Dec. 19th, 2016

jack: (Default)
I am still mulling this over after reading some articles on it (thanks, fanf, Kaela).

Background

Imagine you have a fairly simple function.

RetType func1(arg1, arg2)
{
   return func3(func2(arg1),func2(arg2)).func4();
}


But those other functions may encounter errors. Eg. they involve opening files, which may not be there.

Assume the error return can't usually be passed to a follow-up function.[1] The obvious then necessary step is for each function call, test the return value, if it's an error, return an error from this function. Else continue with the calculation. But this usually involves several lines of code for each of these functions, which obscures the desired control flow.

If you are willing to accept exceptions, you can just write the code above an allow any exceptions to propagate. But that represents a lot of hidden complexity from not knowing what might be thrown. And often overhead in runtime.

And in fact, this may obscure a common pattern, that for some function (eg. "parse this"), you SOMETIMES want to treat the failure as an error, and sometimes to interrogate it. As in, choose in the calling code whether failure is an error-value or exception.

Also remember, in C-like languages, many values unavoidably have a possible error case which can't be passed to other functions, null pointer. Ideally it would be clear which pointers might be null and which have already been assumed not to be.

In Rust

In Rust (if I understand correctly), these possibilities are often wrapped up in a try macro.

There is a conventional "Result" return type from most functions which may succeed or fail, which has one of two values. Either 'Ok' (usually though not required wrapping a return value). Or 'Err', wrapping a specific error (just a string, or an error object).

The try macro combines the "test return value, if it's an error, return that error from this function, else, evaluate to the successful value" into a brief expression:

try!(func2(arg))

Which seems like often what you want. Obviously if you want to handle the error in some way (say, you're interested in whether it succeeds, not just the successful result), you can interrogate the result value for ok or err.

And there's also a macro for "assume success, unwrap the result value, panic if it's not there", just like you can access a pointer without checking for null if you want. But functions which can't return an error shouldn't return "Result", so if you do that, it's clear you *might* fail. Which is exactly what you want for throw-away code. But it does mean, you can search for the unwrap macro if you want to find all the points where you did that and fix them.

Rust recent innovation: ?

I mention try! for historical reasons, but just recently, Rust has promoted it into a language feature, reducing the overhead further from four to six characters, to 1: '?' after a value means the same thing as the try macro.

Result<int, errtype="ErrType"> func1(arg1, arg2)
{
   return func3(func2(arg1)?,func2(arg2)?)?.func4()?; // Pseudocode, not actual rust syntax
}


Rust recent innovation: chaining

This is also really new and not standard yet, but I like the idea. Error chaining. The function .error_chain(|| "New error") is applied to the result of a function call. If it was a success, that's fine. If not, this error is added to the previous error. It is typically then followed by the try macro or ?. (I think?)

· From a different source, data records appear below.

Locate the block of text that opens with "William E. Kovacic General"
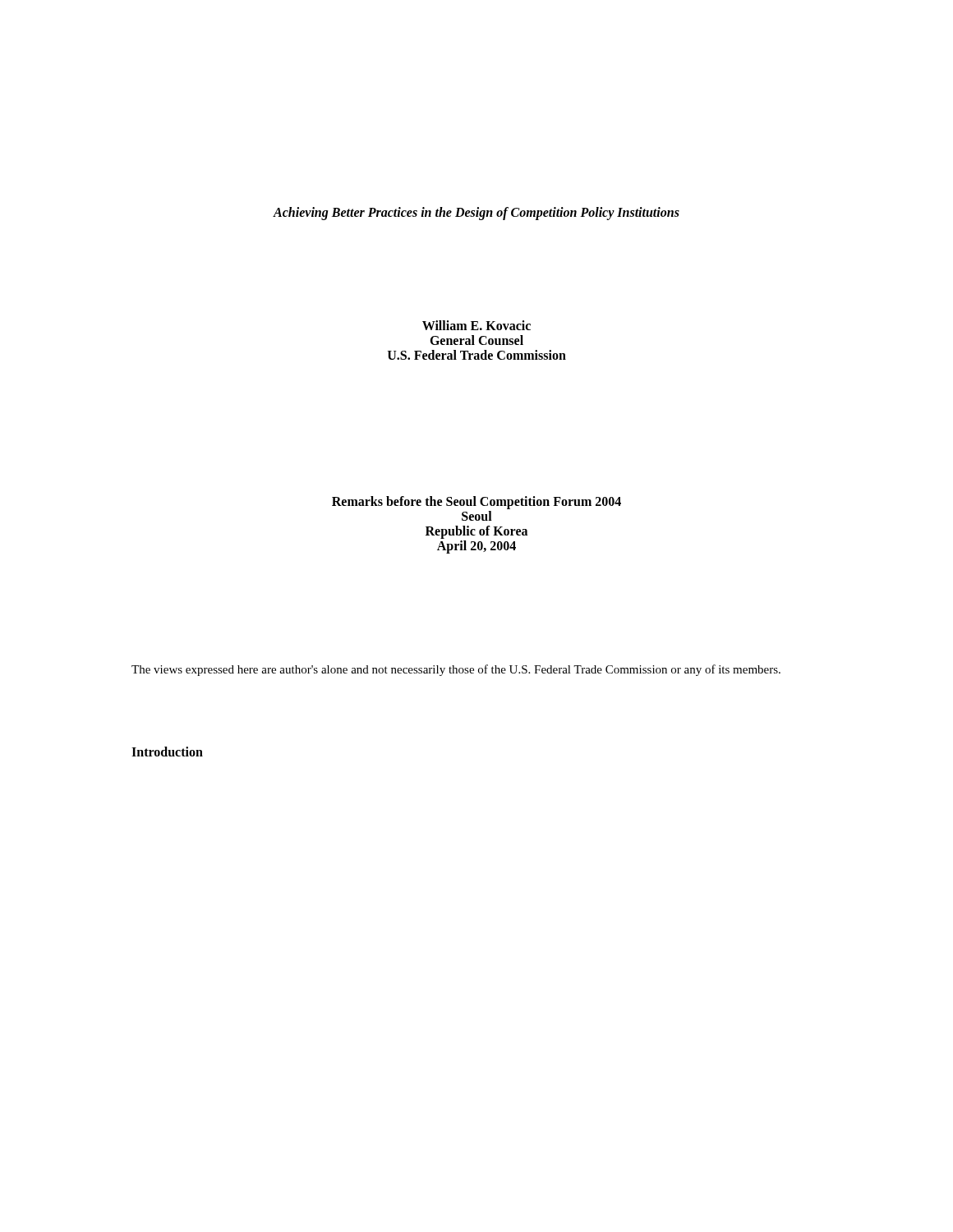476,340
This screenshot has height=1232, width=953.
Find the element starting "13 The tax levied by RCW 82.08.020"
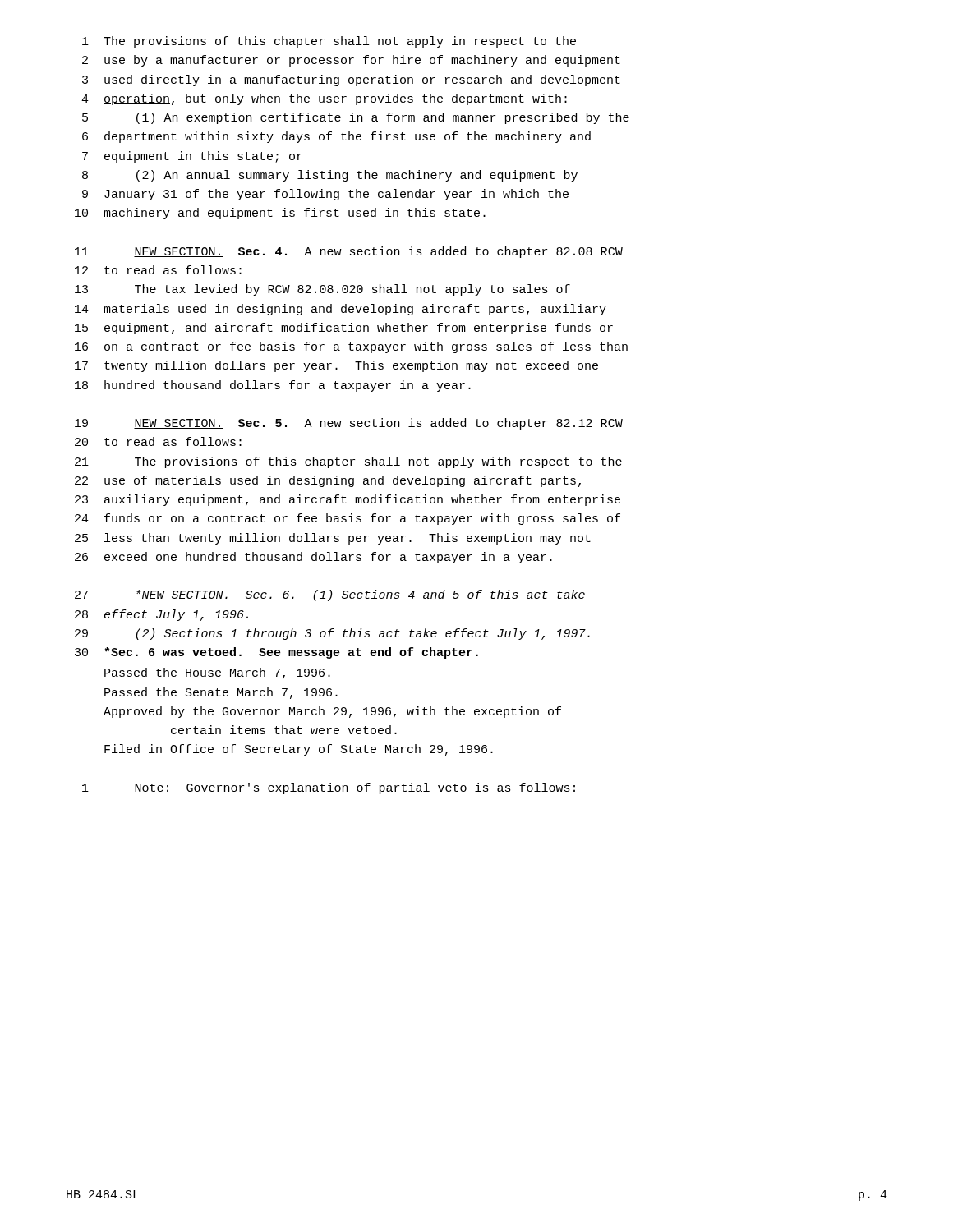click(x=476, y=338)
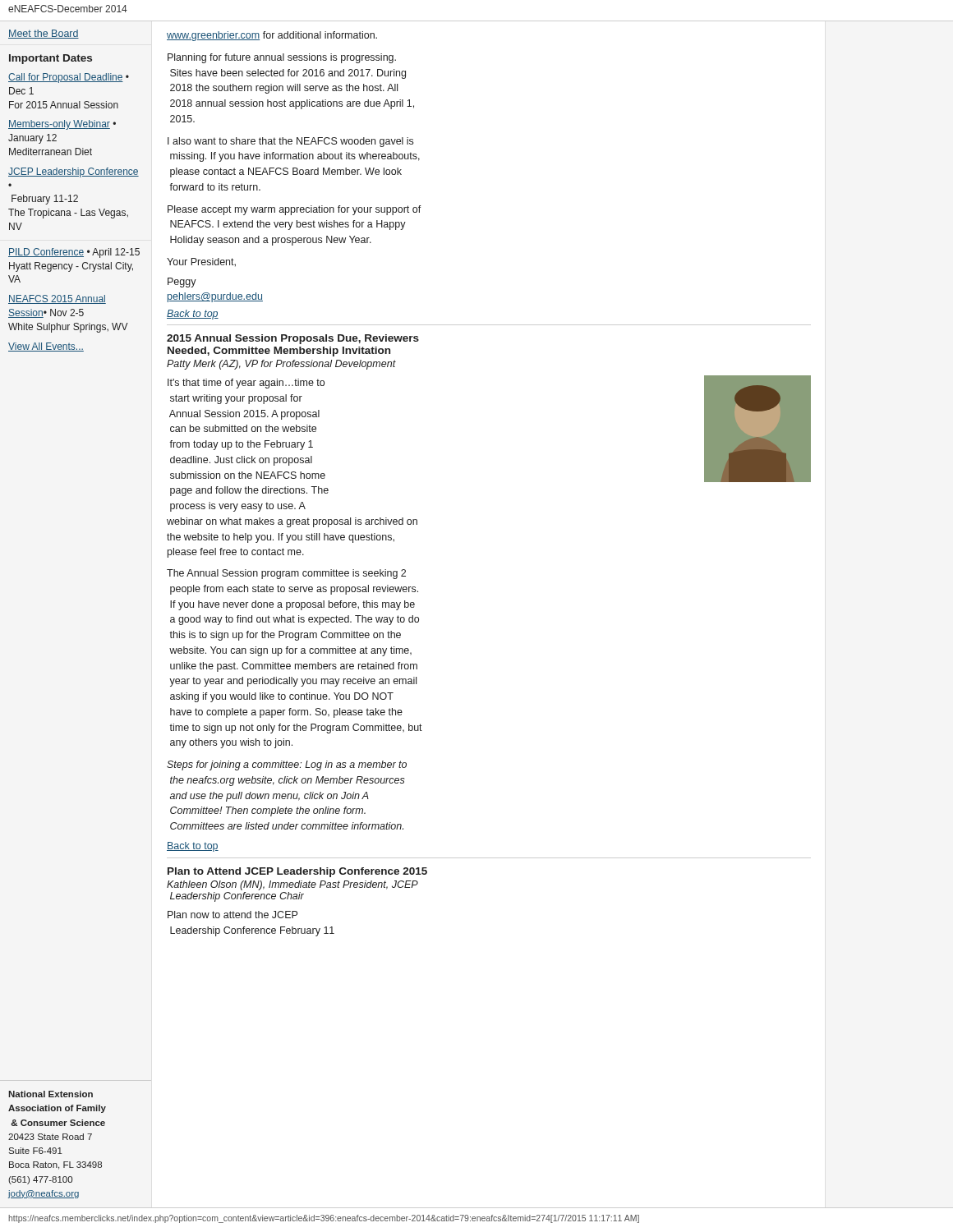Point to the text starting "View All Events..."
This screenshot has width=953, height=1232.
coord(46,346)
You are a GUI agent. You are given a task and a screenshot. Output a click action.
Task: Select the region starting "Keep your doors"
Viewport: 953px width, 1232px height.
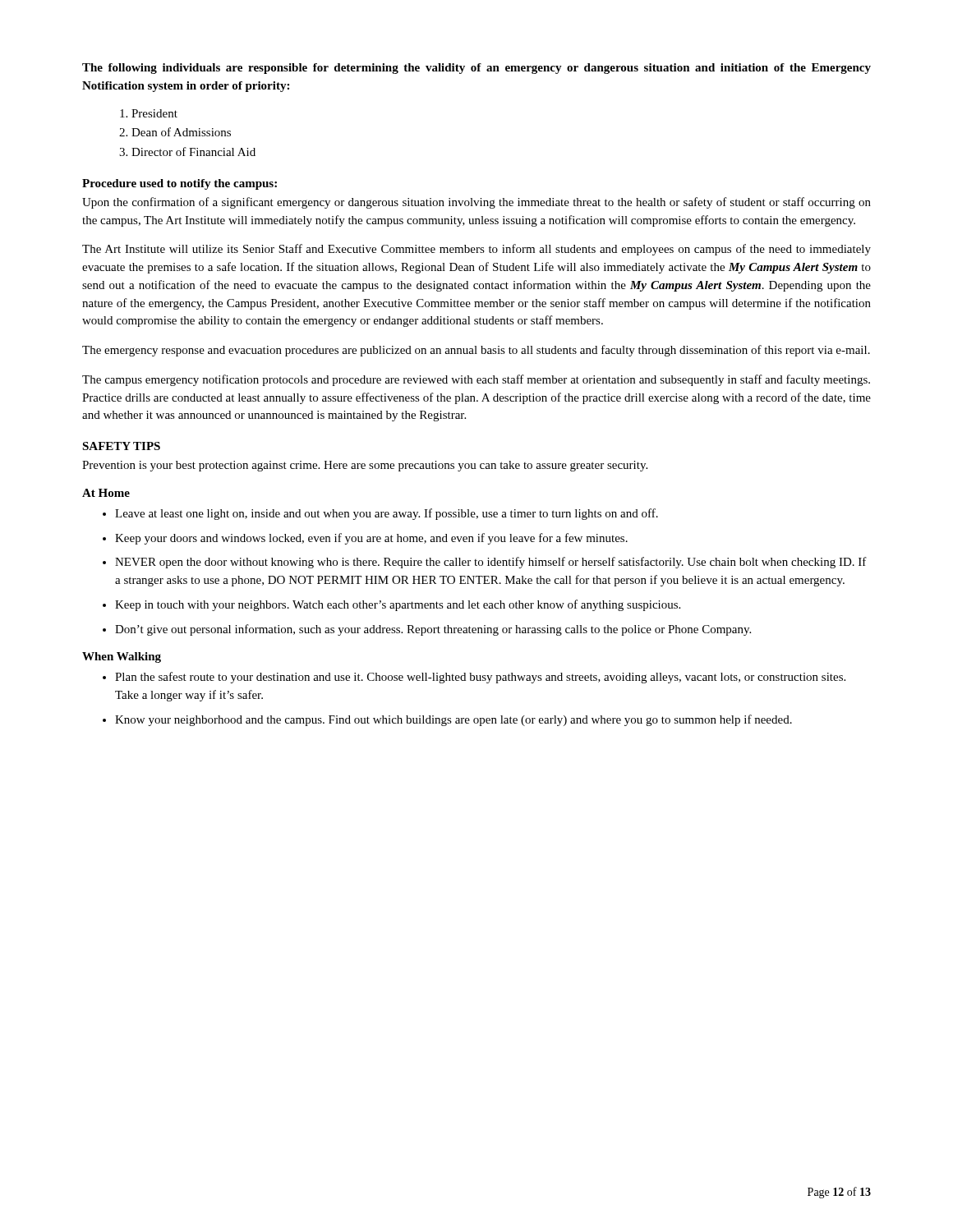(372, 538)
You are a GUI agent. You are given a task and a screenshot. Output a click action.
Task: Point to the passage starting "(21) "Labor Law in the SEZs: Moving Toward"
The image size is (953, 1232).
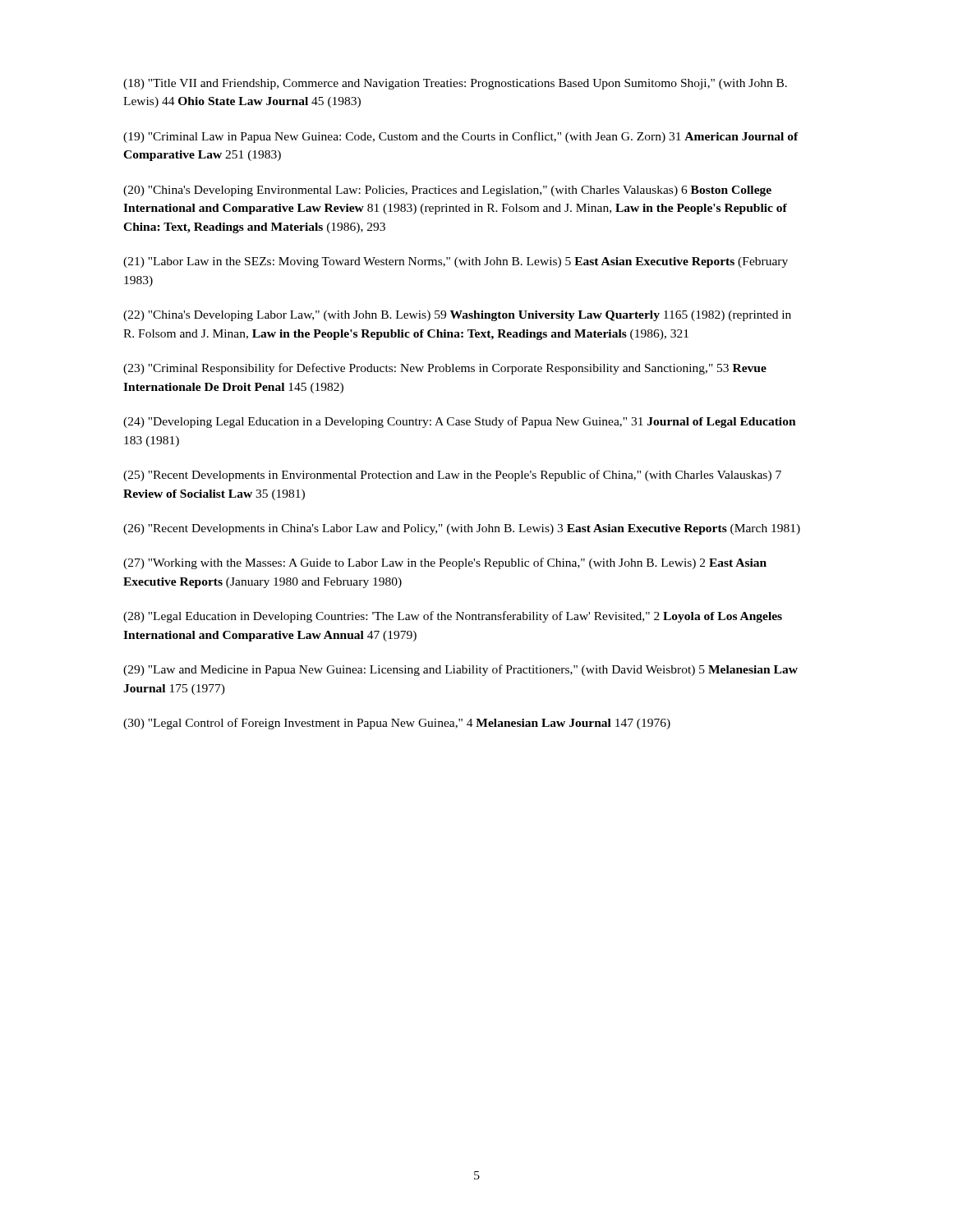pyautogui.click(x=456, y=270)
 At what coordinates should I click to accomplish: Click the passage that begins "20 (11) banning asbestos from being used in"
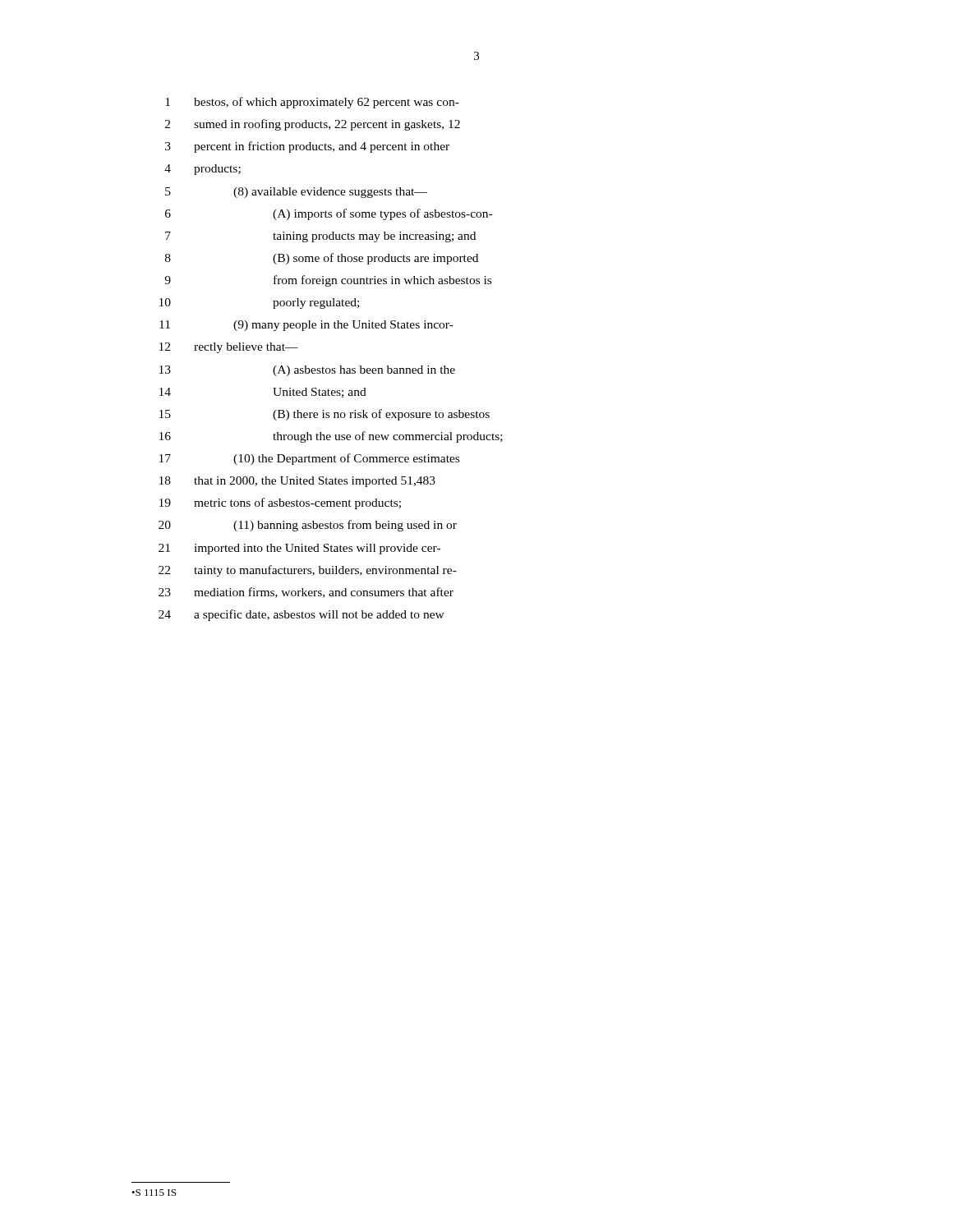(308, 526)
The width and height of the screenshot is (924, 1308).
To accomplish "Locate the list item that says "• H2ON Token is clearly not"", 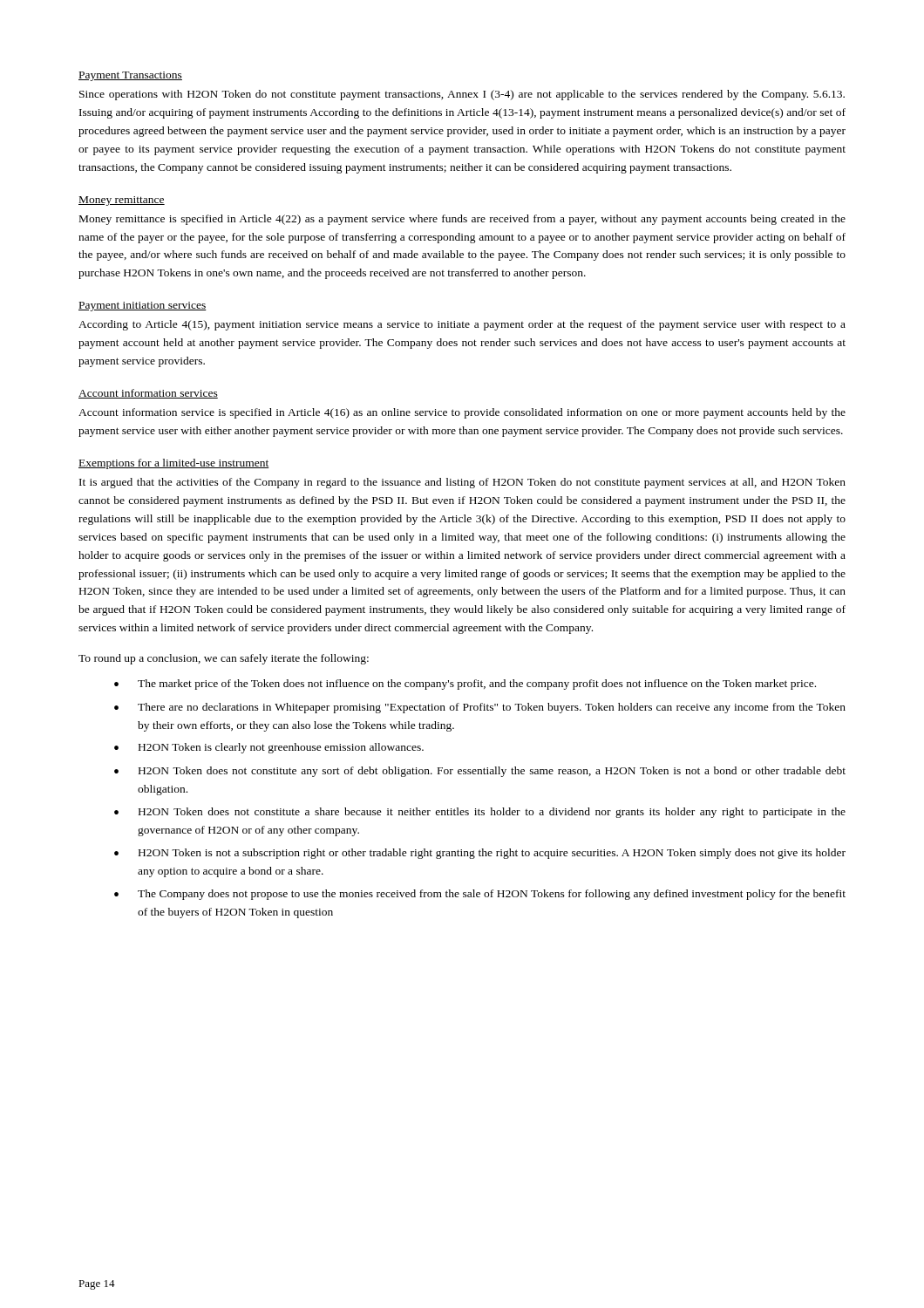I will tap(269, 748).
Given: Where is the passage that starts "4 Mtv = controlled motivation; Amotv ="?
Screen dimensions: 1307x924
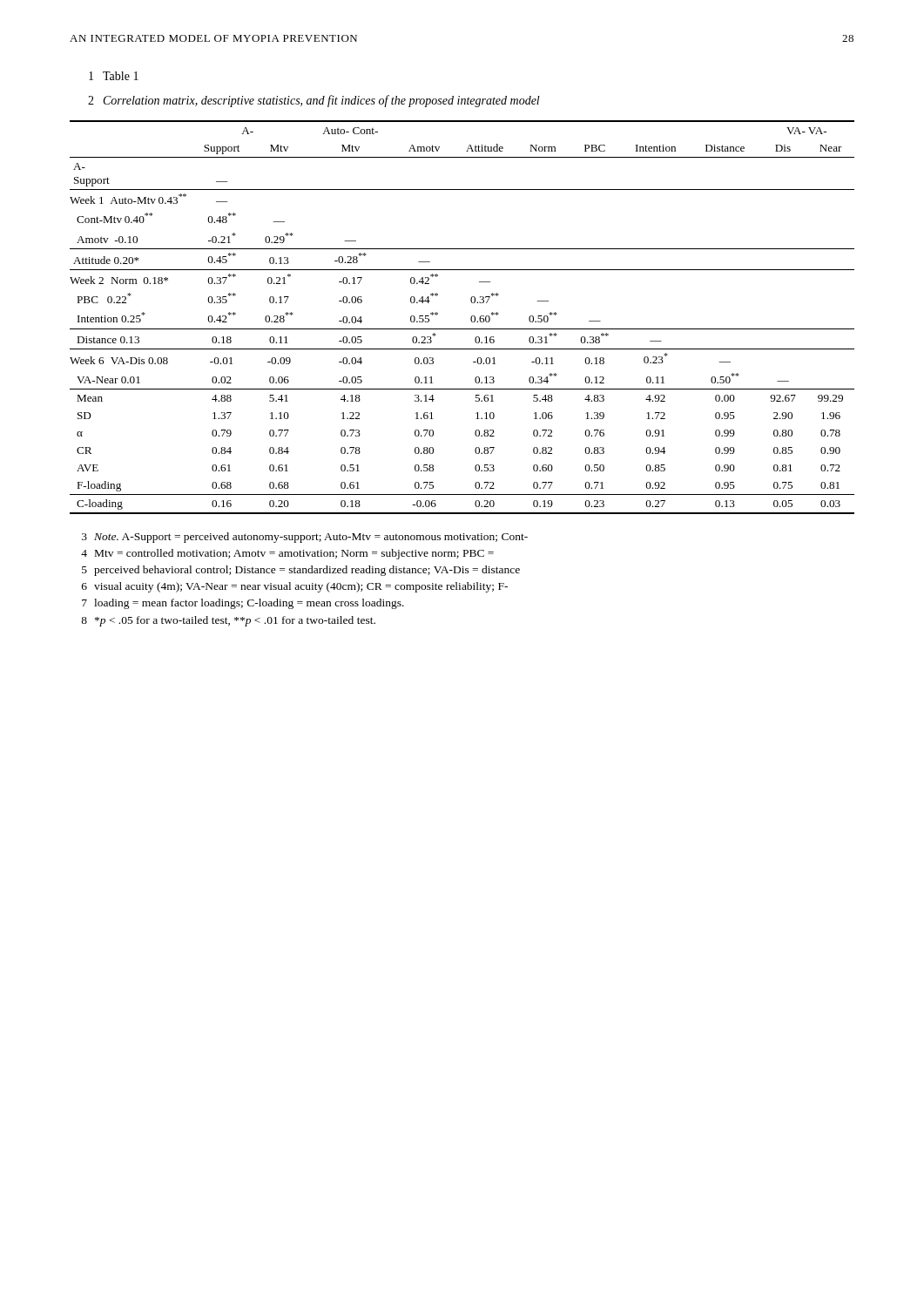Looking at the screenshot, I should [282, 553].

That means that your function can return a more useful error, eg. "could not open log file" or "could not calculate proportion". Which carries along the additional information of WHY it couldn't, eg. "could not open file XXXX in read mode" or "div by zero".

And then a higher level function can decide which of those it cares about handling -- usually not the lowest level one.

In some ways like exceptions, but (hopefully, because Rust) with no runtime overhead.

Footnotes

[1] I often think of it as, an error-value is one that, under any future operation of any sort, stays the same error value, but that's usually not how it's actually implemented.